«Я, — сообщает Чехов в 1889 году Суворину, — пишу роман!! Пишу и пишу, и конца не видать моему писанью. Начал его, т. е. роман, сначала сильно исправив и сократив то, что уже было написано. Очертил уже ясно девять физиономий. Какая интрига! Назвал я его так: «Рассказы из жизни моих друзей», и пишу его в форме отдельных законченных рассказов, тесно связанных между собою общностью интриги, идей и действующих лиц. У каждого рассказа особое заглавие. Не думайте, что роман будет состоять из клочьев. Нет, он будет настоящий роман, целое тело, где каждое лицо будет органически необходимо». Трудно судить о том, что получилось бы из этого любопытного в жанровом отношении замысла Чехова. Он характеризует мастера малой и средней повествовательной формы, взявшегося за такое большое эпическое полотно, которое все же было бы только составным. Для Чехова в равной мере показательно и то, что он поставил перед собою такое жанровое задание, и то, что он его не осуществил.
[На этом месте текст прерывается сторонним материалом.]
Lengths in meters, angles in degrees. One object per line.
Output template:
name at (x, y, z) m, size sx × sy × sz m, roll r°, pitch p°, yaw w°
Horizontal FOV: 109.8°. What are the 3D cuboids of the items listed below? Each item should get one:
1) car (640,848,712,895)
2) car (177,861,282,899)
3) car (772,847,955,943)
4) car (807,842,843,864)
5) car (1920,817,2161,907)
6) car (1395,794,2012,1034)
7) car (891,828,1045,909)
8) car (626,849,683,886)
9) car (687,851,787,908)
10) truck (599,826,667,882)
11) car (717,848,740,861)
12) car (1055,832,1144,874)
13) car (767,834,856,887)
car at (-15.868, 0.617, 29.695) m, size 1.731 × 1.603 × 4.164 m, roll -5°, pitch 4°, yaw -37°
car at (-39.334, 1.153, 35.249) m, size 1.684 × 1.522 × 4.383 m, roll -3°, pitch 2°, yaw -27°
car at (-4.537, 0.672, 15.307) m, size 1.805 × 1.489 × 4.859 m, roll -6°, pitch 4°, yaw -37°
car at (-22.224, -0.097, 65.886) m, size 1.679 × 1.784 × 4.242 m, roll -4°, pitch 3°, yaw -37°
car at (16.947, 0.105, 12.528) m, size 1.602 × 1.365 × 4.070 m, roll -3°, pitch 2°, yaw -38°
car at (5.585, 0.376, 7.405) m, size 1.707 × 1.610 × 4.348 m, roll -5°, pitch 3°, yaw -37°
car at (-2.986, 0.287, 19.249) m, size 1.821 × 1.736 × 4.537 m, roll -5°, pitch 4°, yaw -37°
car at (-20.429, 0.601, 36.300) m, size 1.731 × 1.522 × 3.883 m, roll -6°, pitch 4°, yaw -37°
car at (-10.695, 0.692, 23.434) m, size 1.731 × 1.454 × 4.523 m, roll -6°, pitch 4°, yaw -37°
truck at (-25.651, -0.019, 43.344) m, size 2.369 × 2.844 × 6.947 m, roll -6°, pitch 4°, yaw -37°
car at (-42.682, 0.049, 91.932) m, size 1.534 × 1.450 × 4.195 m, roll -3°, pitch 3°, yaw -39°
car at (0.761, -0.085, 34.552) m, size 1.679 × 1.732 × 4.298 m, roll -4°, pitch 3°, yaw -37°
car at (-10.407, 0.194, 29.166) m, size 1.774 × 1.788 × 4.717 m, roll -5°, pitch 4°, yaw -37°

Во всех этих случаях происходил, в сущности, тот же процесс разрастания жанра, который только принимал несколько более сложную форму «романа в повестях».
Прежде чем написать произведение в каком-либо определенном жанре, писатель нередко испытывает возможности различных поэтических родов, транспонируя материал в новую, более соответствующую ему, форму. Виды этого «транспонирования» жанра разнообразны. Произведению, сначала задуманному в прозе, по зрелом размышлении придается стихотворная форма. Так, переделывается первоначально написанный в прозе «Тассо» Гёте, равно как и его «Ифигения». Лишь по истечении года работы над «Валленштейном» Шиллер убедился, что пролог не может быть написан в прозаической форме, и переделал его. Переработка эта не была механическим переложением прозы в стихи.
«Никогда до этой работы, — признавался Шиллер, — я не убеждался с такой очевидностью, как велика взаимная зависимость, связующая в поэзии содержание и форму, даже чисто внешнюю. С тех пор как я перерабатываю мой прозаический язык в поэтически-ритмический, я подсуден уже совершенно иному суду, чем раньше; даже многие мотивы, казавшиеся вполне уместными в прозаическом одеянии, оказываются непригодными для меня; они годились для повседневного обиходного рассудка, голосом которого, очевидно, является проза; стих же безусловно требует связи с воображением, и таким образом мне пришлось стать поэтичнее также во многих моих мотивах. По правде, следовало бы, собственно, все возвышающееся над заурядностью задумывать, по крайней мере, в начале, в стихотворной форме, ибо пошлость никогда не выступает с такой очевидностью, как выраженная в связанной речи».
Наряду с превращением прозаических жанров в стихотворные имеет место и противоположный процесс. Гёте сообщал Шиллеру, что «по зрелом размышлении» он остался верен «любезнейшей прозе», гораздо более соответствующей этому сюжету. Шиллер советовал другу употребить в одном случае «не гекзаметры, а восьмистрочные стансы»; однако Гёте нашел, что это «лучше всего подошло бы к прозе». Иногда транспонирование в прозу остается неосуществленным. «Я хотел писать эту поэму в стихах, но нет. В прозе лучше», — пишет Лермонтов в 1831 году. Однако его «Демон» и в дальнейших редакциях оставался в стихотворной форме, очевидно оттого, что она представляла определенные преимущества для реализации романтического замысла этой поэмы. Таких преимуществ уже не ощущает для себя Гаршин, когда он переделывает первоначальный стихотворный набросок «Пленница» в рассказ «Attalea princeps». Сравнение обоих произведений между собою показывает, как выиграл от этой переработки замысел Гаршина, который получил теперь несравненно более широкое эпическое раскрытие.
Нередки случаи, когда от эпической формы писатель обращается к драме, позволяющей ему гораздо резче изобразить намеченные замыслом конфликты и напряженную борьбу. Трагедия Ибсена «Бранд» первоначально была написана в эпической форме, водевиль Чехова «Свадьба» переделан был — к явной для себя выгоде — из его раннего рассказа «Свадьба с генералом». Однако то, что увенчалось удачей при переделке в водевиль комической новеллы, было бы исключительно трудным, если бы писатель имел дело с большой эпической формой. Достоевский не препятствовал попытке «извлечь драму» из его романа «Преступление и наказание», но вместе с тем предупреждал инсценировщицу о том, что «почти всегда подобные попытки не удавались, по крайней мере вполне. Есть, — указывал он, — какая-то тайна искусства, по которой эпическая форма никогда не найдет себе соответствия в драматической».